実店舗で現物を確認した後、ネット通販で買ってしまう

ネット通販が普及した現在、実店舗を展開する企業にとって課題となっているのが「ショールーミング対策」です。ショールーミングとは、消費者が実店舗で商品の現物を確認した後、価格比較サイトなどで安価なネットショップを探して購入することで、実店舗がネット通販業者のショールームのように利用されてしまうことです。実店舗を展開する企業は、ショールーミングに対してどのような対策を打てばよいでしょうか。

ヤマダ電機は主力の家電販売事業で苦戦している。(AFLO=写真)

アーカンソー大学のエリン・ジョディ・ベルクが2015年に発表した論文に、ショールーミング対策として「オムニチャネルの構築」「ソーシャルメディア戦略の立案」「実店舗独自の提供」「実店舗での体験」の大切さが説かれています。

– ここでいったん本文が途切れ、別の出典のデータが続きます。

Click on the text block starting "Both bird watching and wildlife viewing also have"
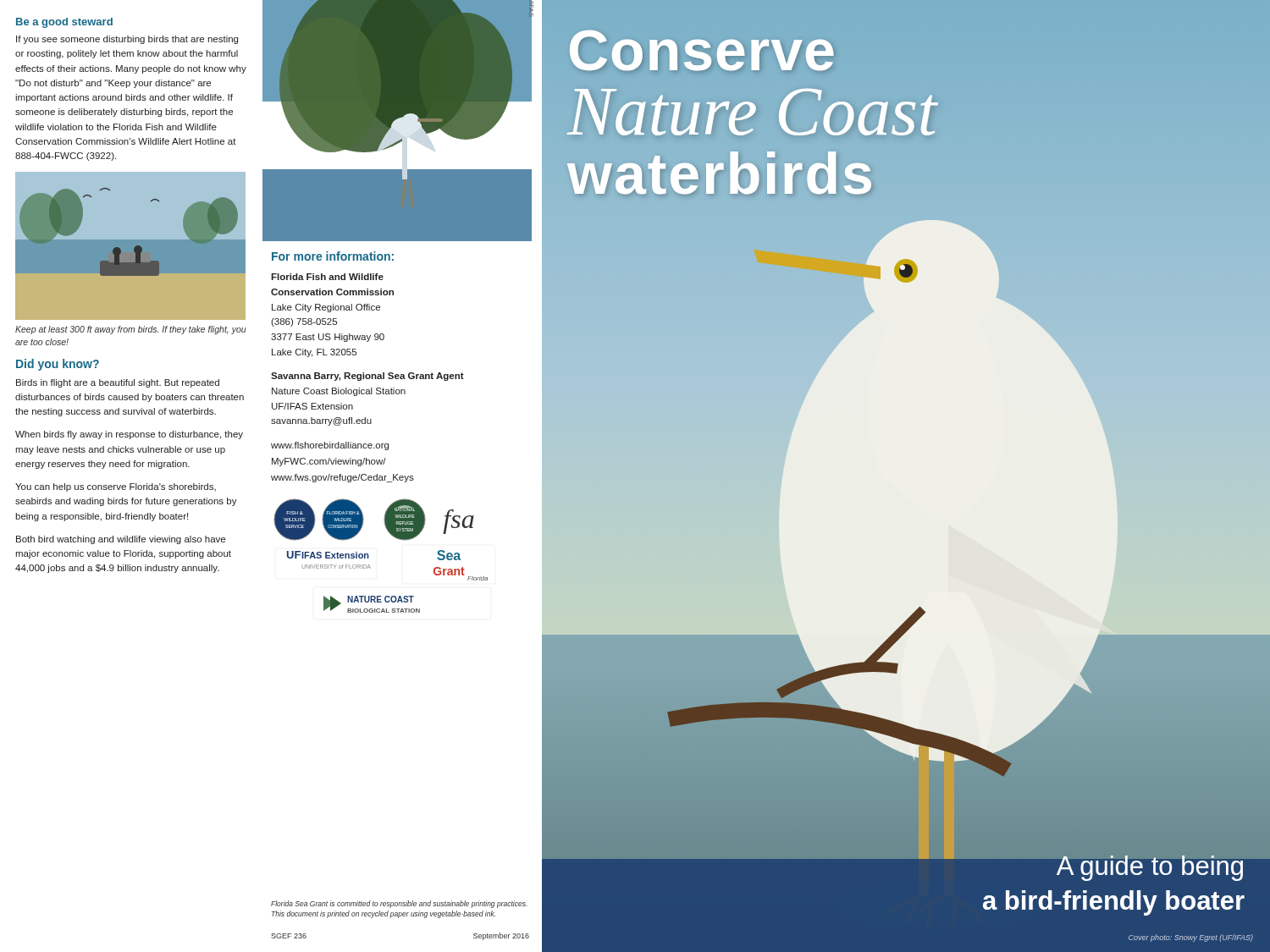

オムニチャネルとは、あらゆるチャネルを使って顧客との接点を持つことです。現在は、実店舗のほかにもスマートフォンなどのモバイル端末、パソコン、テレビ、ダイレクトメールなど多様な購買チャネルがあります。これらがシームレスにつながることにより、顧客がいつでもどこでも買い物ができる環境を構築する必要があります。

ソーシャルメディア戦略もなくてはならないものです。顧客は商品を購入する際、個人のブログやSNSなどから得られる豊富な情報を意思決定の判断基準にすることが多いからです。ソーシャルメディアは単に広告を送る手段ではありません。特定の個人に宛てた、はっきりとした意図を持った、役に立つものでなければなりません。

実店舗は、オンラインでは提供できない独自の価値を提供できます。顧客とスタッフと双方向の対話ができ、個人的な気持ちのつながりを持つという実店舗ならではの体験ができます。これらにより、実店舗は人を引き付ける場所となります。

そして、それぞれの要素は相互補完作用を持つため、一体として導入すべきだとベルクは述べています。